• Task instructions: Return the data verbatim, without pictures.

• Input data:

------------------------------------------------------------------------

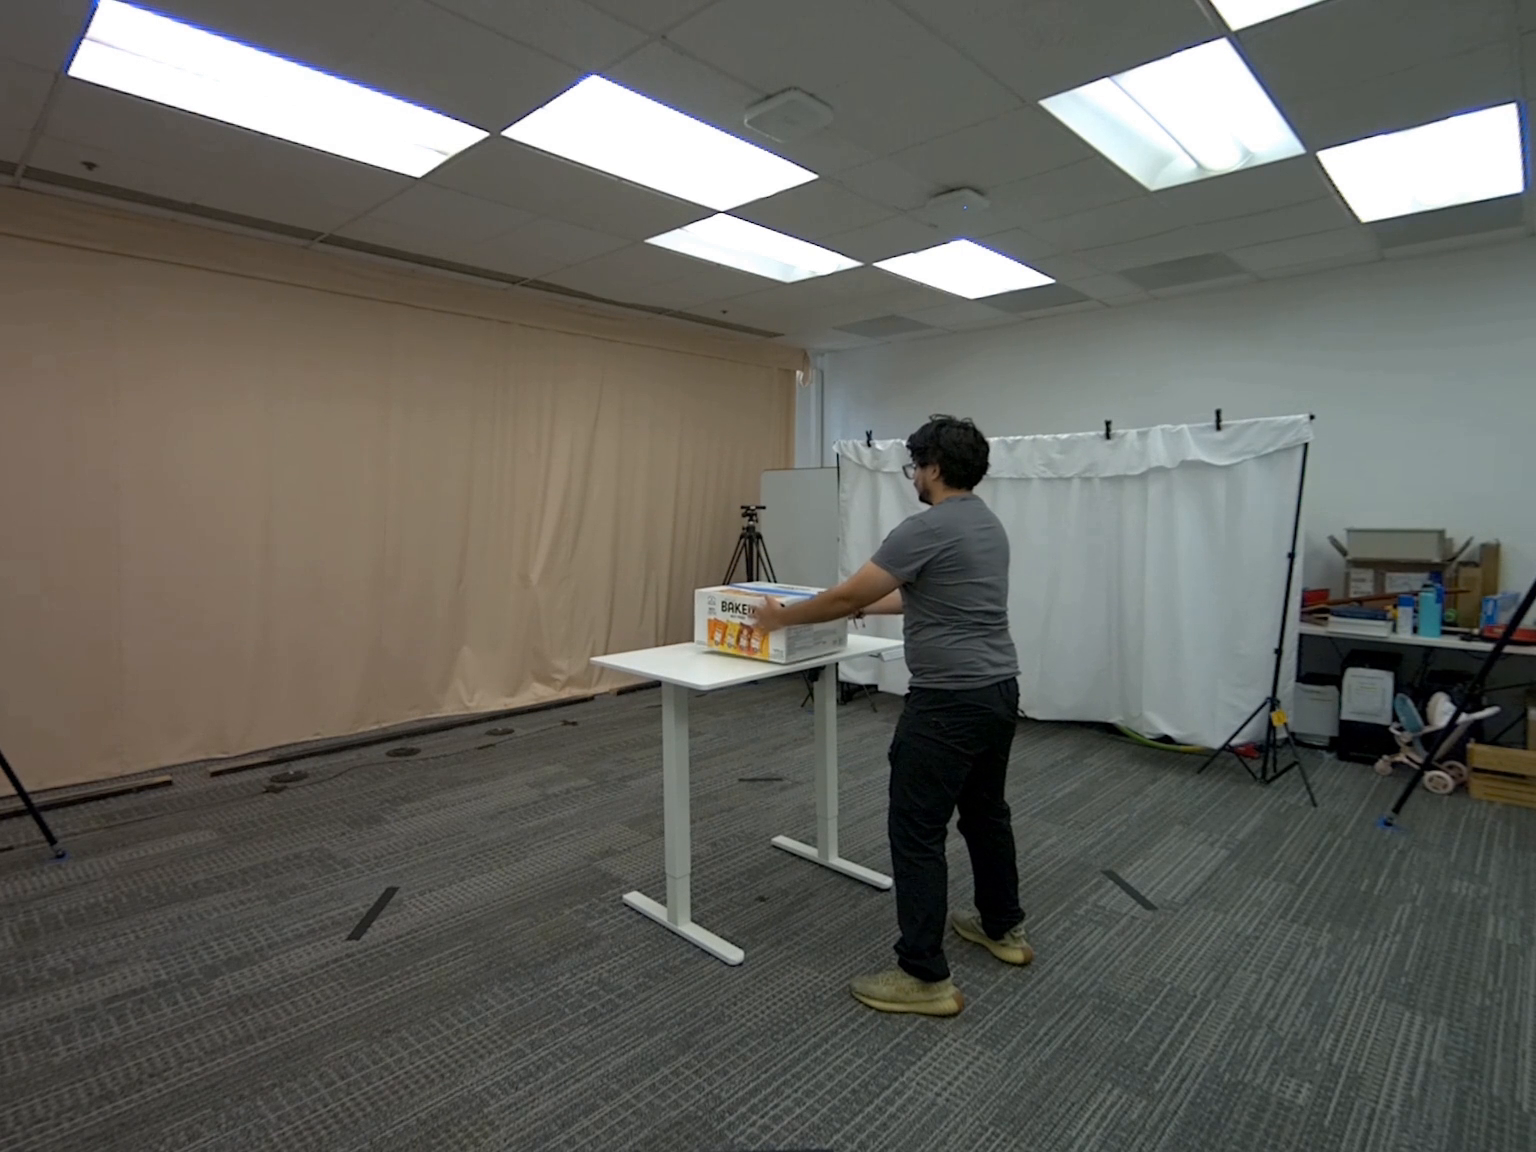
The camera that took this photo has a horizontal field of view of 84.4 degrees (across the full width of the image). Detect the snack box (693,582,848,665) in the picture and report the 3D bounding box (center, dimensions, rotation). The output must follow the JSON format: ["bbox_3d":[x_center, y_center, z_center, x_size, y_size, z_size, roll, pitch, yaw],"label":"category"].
[{"bbox_3d":[0.013,0.150,2.904,0.419,0.205,0.330,6,8,42],"label":"snack box"}]
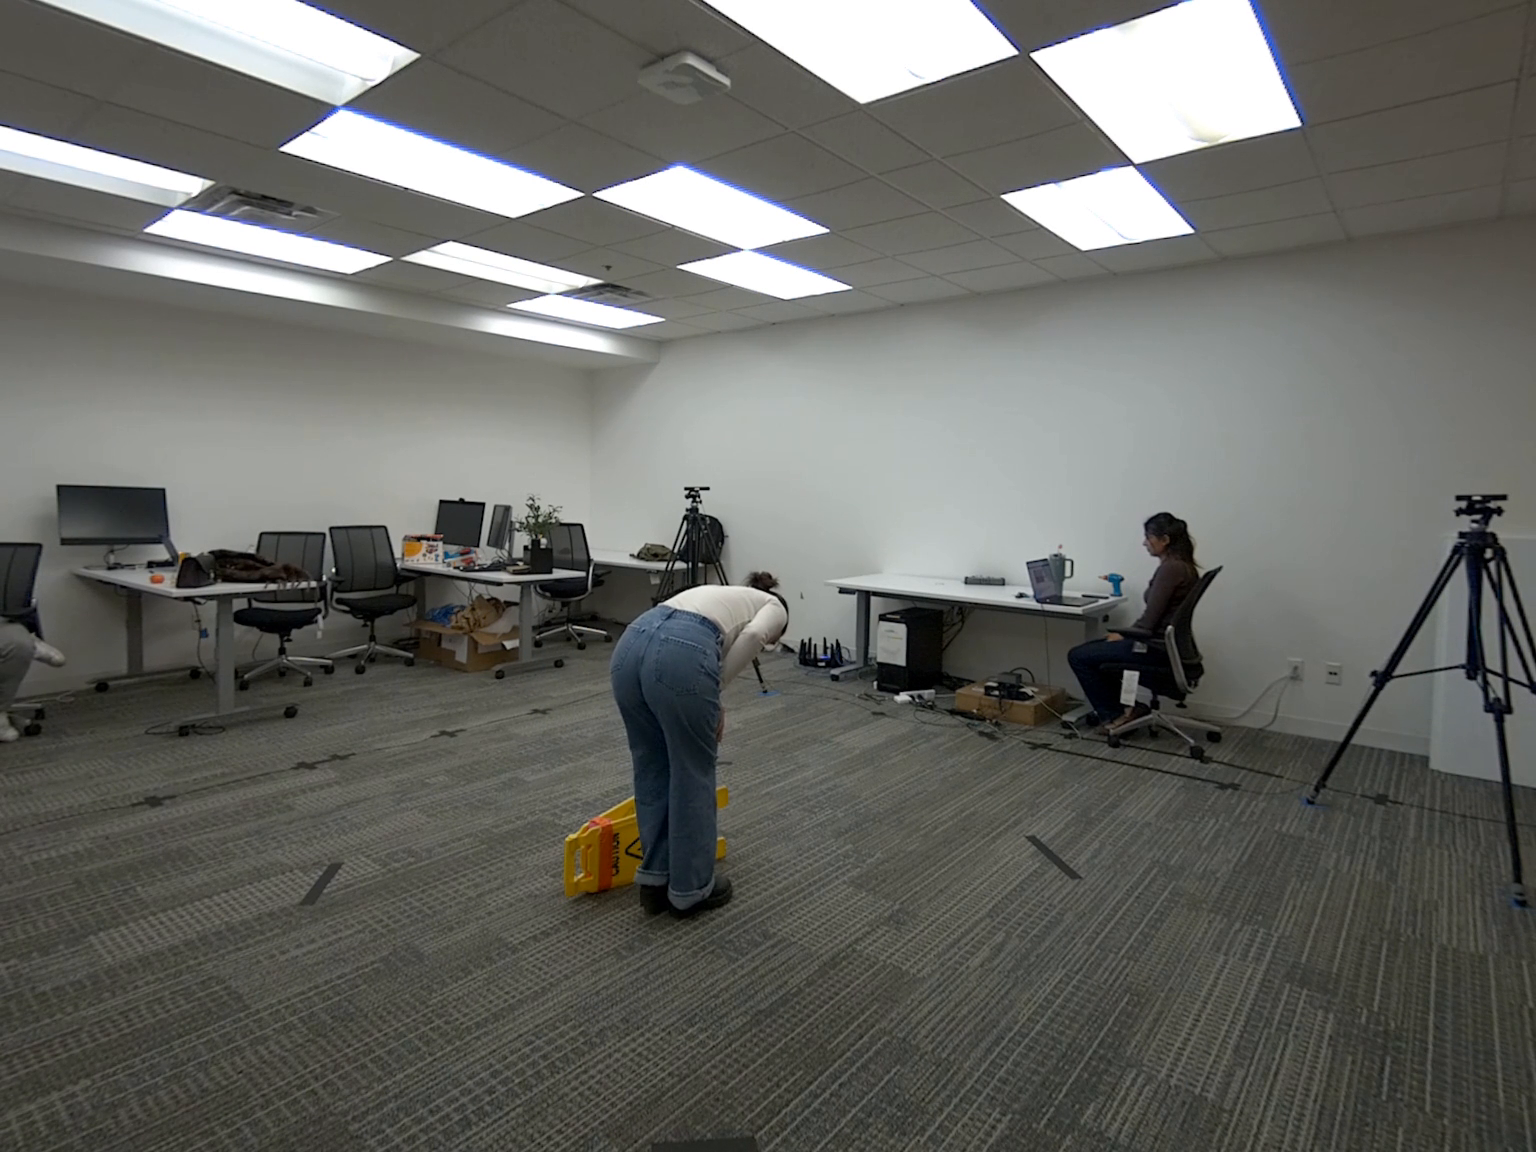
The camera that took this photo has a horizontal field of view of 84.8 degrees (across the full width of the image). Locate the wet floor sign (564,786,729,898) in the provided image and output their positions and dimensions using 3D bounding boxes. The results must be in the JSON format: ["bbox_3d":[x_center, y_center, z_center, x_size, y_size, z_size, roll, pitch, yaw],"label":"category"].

------------------------------------------------------------------------

• Exercise solution:
The camera that took this photo has a horizontal field of view of 84.4 degrees (across the full width of the image). Detect the snack box (693,582,848,665) in the picture and report the 3D bounding box (center, dimensions, rotation). The output must follow the JSON format: ["bbox_3d":[x_center, y_center, z_center, x_size, y_size, z_size, roll, pitch, yaw],"label":"category"].
[{"bbox_3d":[0.013,0.150,2.904,0.419,0.205,0.330,6,8,42],"label":"snack box"}]
The camera that took this photo has a horizontal field of view of 84.8 degrees (across the full width of the image). Locate the wet floor sign (564,786,729,898) in the provided image and output their positions and dimensions using 3D bounding boxes. The results must be in the JSON format: ["bbox_3d":[x_center, y_center, z_center, x_size, y_size, z_size, roll, pitch, yaw],"label":"category"].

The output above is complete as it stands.